The study of the mechanical behavior of Inconel 625 at elevated temperatures allowed us to conclude that:

• The yield strength values show an anomalous behavior as a function of the temperature. From the room temperature until around 600 °C, there occurs a decrease in the yield strength and a slight increase up to 700 °C, decreasing sharply at temperatures above 700 °C. In relation to the elongation, an anomaly is also present, with a significant decrease in the elongation at temperatures close to 600 °C.
• In the tensile tests performed at temperatures between 200 and 700 °C, it was possible to observe a serrated curve in the region of plastic deformation in the stress-strain curves. The stress-strain curve at 200 °C showed an A-type serration, while in the test temperature range around 400 and 700 °C it was observed that there was a B-type serration.

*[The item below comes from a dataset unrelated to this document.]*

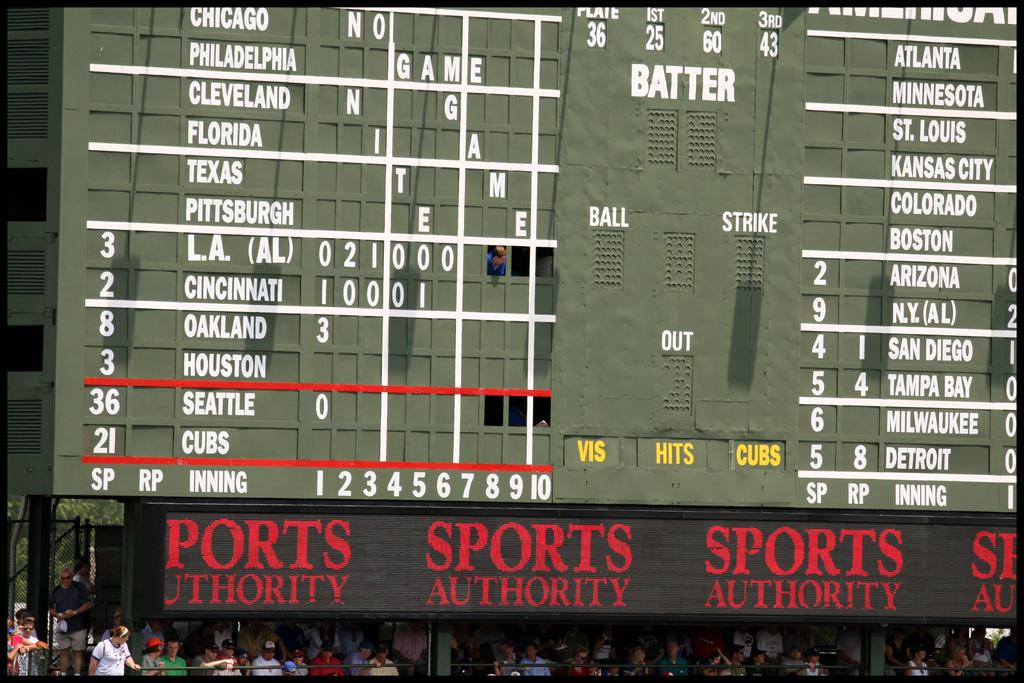<image>
Give a short and clear explanation of the subsequent image. A score board at an event sponsored by the Sports Authority. 
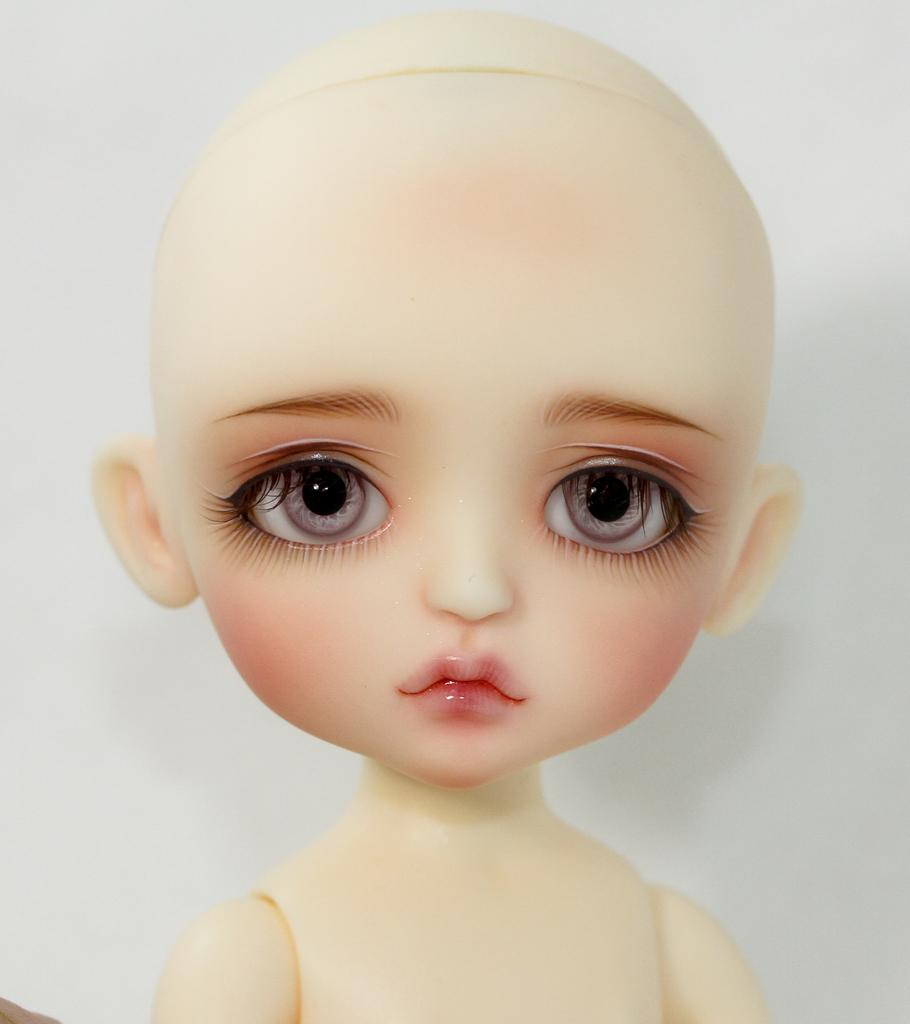What object can be seen in the image? There is a toy in the image. What color is the background of the image? The background of the image is white. How many horses are visible in the image? There are no horses present in the image; it features a toy and a white background. What type of zipper can be seen on the toy in the image? There is no zipper present on the toy in the image.

In the tensile tests at 300 °C, a transition appears to occur, with a serrated A + B-type.
• In all specimens in which the Portevin-Le Chatelier effect was observed on the stress-strain curve (serrated) it can be noted that the fracture occurred on a macroscopic plane inclined at 45° to the tensile axis.
• An intergranular cracking was observed in the specimen tensile tested at 500 °C which can be attributed to the decohesion of the carbides along the grain boundaries. The fracture surface of the specimen tensile tested at 700 °C showed the predominance of transgranular cracking with tear dimples with a parabolic shape. Several slip lines can be seen inside the grains and the presence of carbides along the grain boundaries.
• The values of n = 11.76 and Qc = 407 kJ/mol found in this work suggest that the dominant mechanism is dislocation creep. This significantly higher value of the activation energy was attributed to a high driving force, and the solute stops the grain boundary migration process operating within the alloy and may be related to the DSA effect present in Inconel 625.